WATCH: Japanese Whaling Video From Southern Ocean Finally Released
A video released by Washington based marine conservation organization the Sea Shepherd Conservation Society on Tuesday showed footage of a Japanese whaling operation in the Southern Ocean that the Australian Government refused to make public.
Shot by officers on the Australian Customs vessel Oceanic Viking in 2008, the video was released publicly on Tuesday following a five-year-long Freedom of Information battle, ABC News Australia reported.
It shows graphic scenes of fishermen from a Japanese whaling fleet harpooning whales in the Southern Ocean before dragging them — while they were still alive — along the side of the vessel. Describing the footage, Sea Shepherd's managing director Jeff Hansen called it "harrowing."
"You see minke whales swimming at 16, 17 knots to try and outrun these harpoon ships, before being hit with an explosive harpoon that sends shrapnel through their bodies," he said.
Hansen further added: "Hooks come out, and they dive deep, you can see them diving to try and get away from this cable which they're attached to and they're slowly dragged back to the surface, before they're met with the gunner on the harpoon ship who then shoots them. They take a long time to die before dying in a sea of their own blood." You can watch the footage below.
Warning: Some of the scenes in the footage may cause distress.
The Australian government had refused to bring the footage into the public domain, fearing it would harm diplomatic relations with Japan. ABC stated that the New South Wales (NSW) Environmental Defender's Office began the legal campaign to get them to release the complete footage after lodging an urgent Freedom of Information application on behalf of Humane Society International. Sea Shepherd also joined in later.

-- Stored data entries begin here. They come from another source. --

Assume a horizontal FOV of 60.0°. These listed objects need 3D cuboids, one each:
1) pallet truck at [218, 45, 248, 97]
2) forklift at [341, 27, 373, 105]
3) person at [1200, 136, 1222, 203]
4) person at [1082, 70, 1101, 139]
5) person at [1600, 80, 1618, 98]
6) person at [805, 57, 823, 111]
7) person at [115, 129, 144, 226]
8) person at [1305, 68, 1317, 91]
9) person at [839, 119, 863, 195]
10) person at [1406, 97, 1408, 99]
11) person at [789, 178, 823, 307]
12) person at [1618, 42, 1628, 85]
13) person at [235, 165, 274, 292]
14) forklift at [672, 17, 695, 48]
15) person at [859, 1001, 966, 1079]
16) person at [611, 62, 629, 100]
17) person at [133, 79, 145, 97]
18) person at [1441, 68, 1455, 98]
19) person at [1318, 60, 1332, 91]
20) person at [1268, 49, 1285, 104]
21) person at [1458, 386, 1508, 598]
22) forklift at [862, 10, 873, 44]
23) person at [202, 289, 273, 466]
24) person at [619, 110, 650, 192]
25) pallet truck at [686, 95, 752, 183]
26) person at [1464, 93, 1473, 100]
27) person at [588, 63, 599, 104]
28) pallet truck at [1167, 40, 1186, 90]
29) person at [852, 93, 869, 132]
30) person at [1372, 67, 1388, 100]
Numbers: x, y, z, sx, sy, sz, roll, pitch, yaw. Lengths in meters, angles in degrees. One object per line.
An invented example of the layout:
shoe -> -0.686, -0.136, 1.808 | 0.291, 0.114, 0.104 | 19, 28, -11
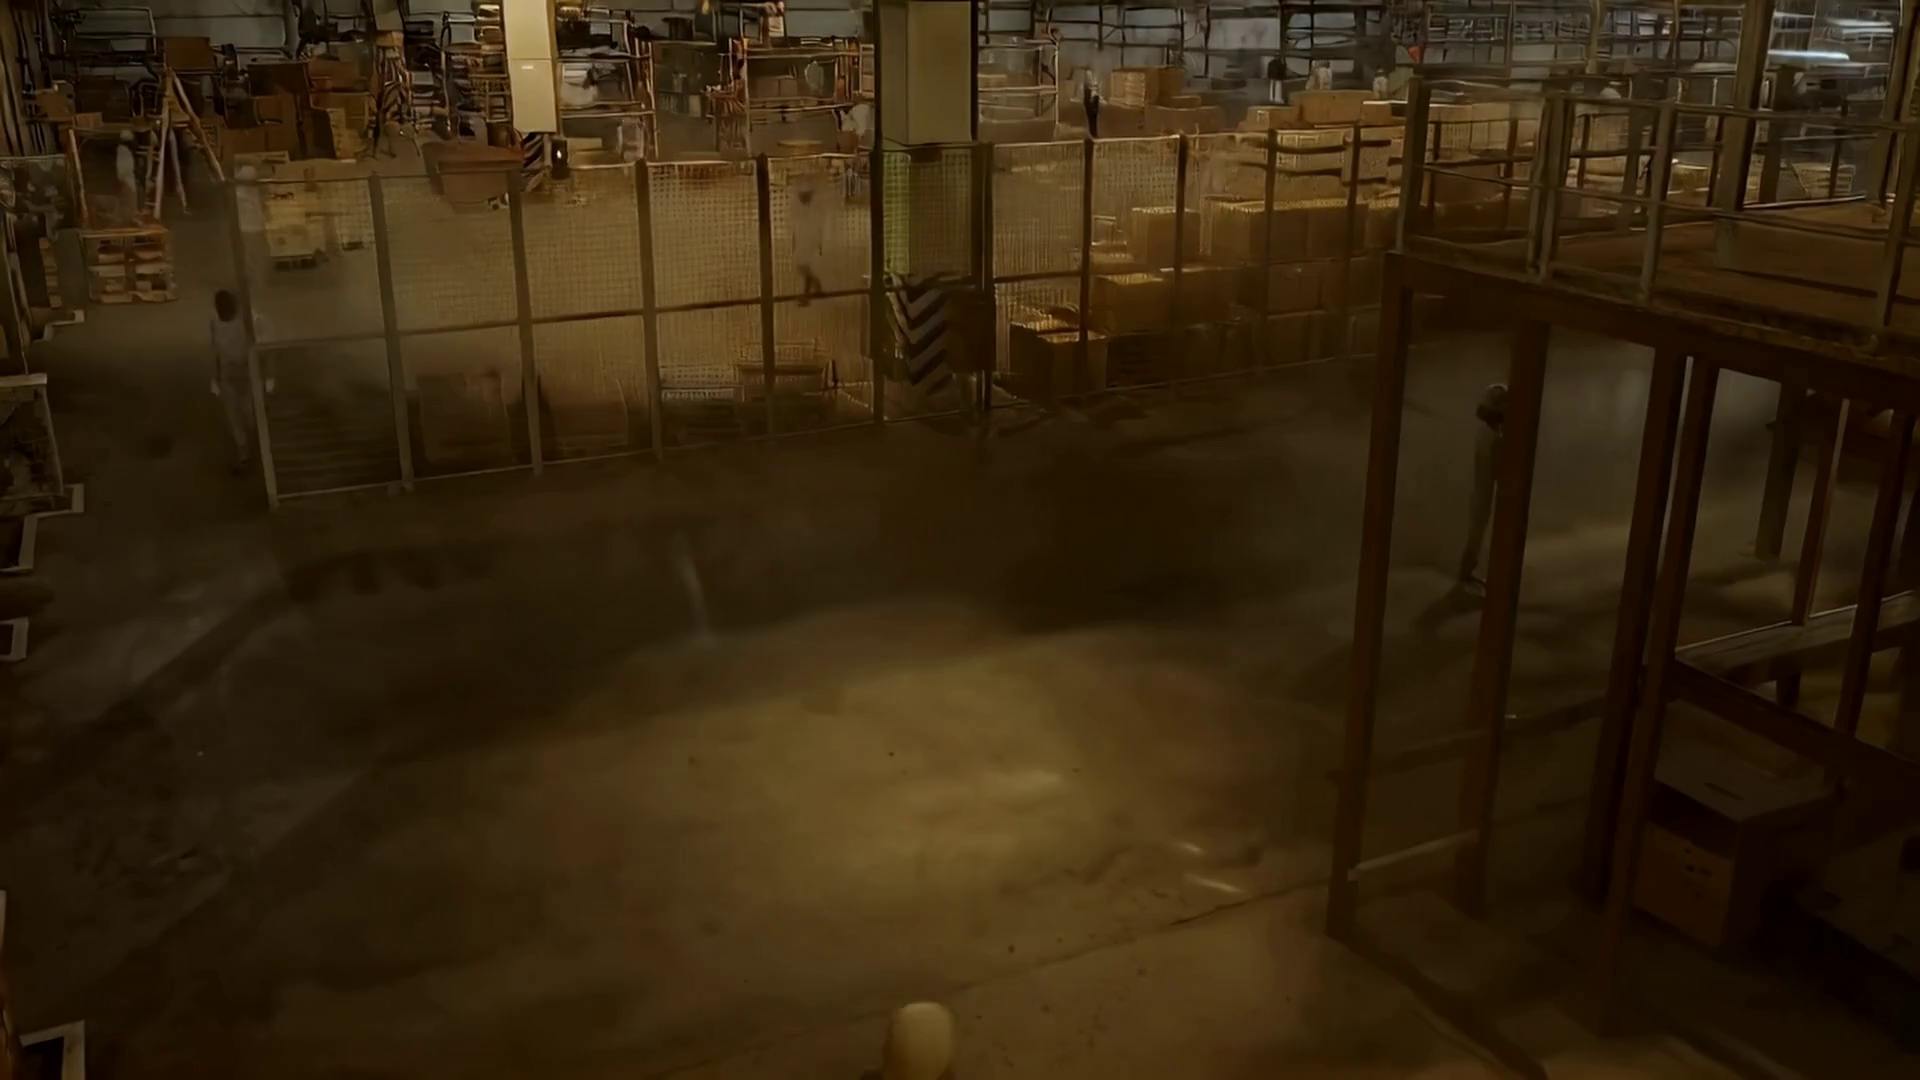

The Sydney Morning Herald reported that the Australian Information Commissioner ordered the immigration department to release the footage earlier this year.
News 24 also cited a statement by Hansen in which he accused the Australian government of siding with "poachers."
"The Australian Government has suppressed this footage for years. The main reason given was that the images of this horrific slaughter would harm diplomatic relationships with Japan," the statement read. "The Australian Government has chosen to side with the poachers instead of defending the whales of the Southern Ocean."
Meanwhile, the chief executive of the NSW Environmental Defender's Office, David Morris, said : "We put forward substantial evidence to the Information Commissioner that the information already in the public domain showed that there wouldn't be the kind of impact on international relations that they were suggesting."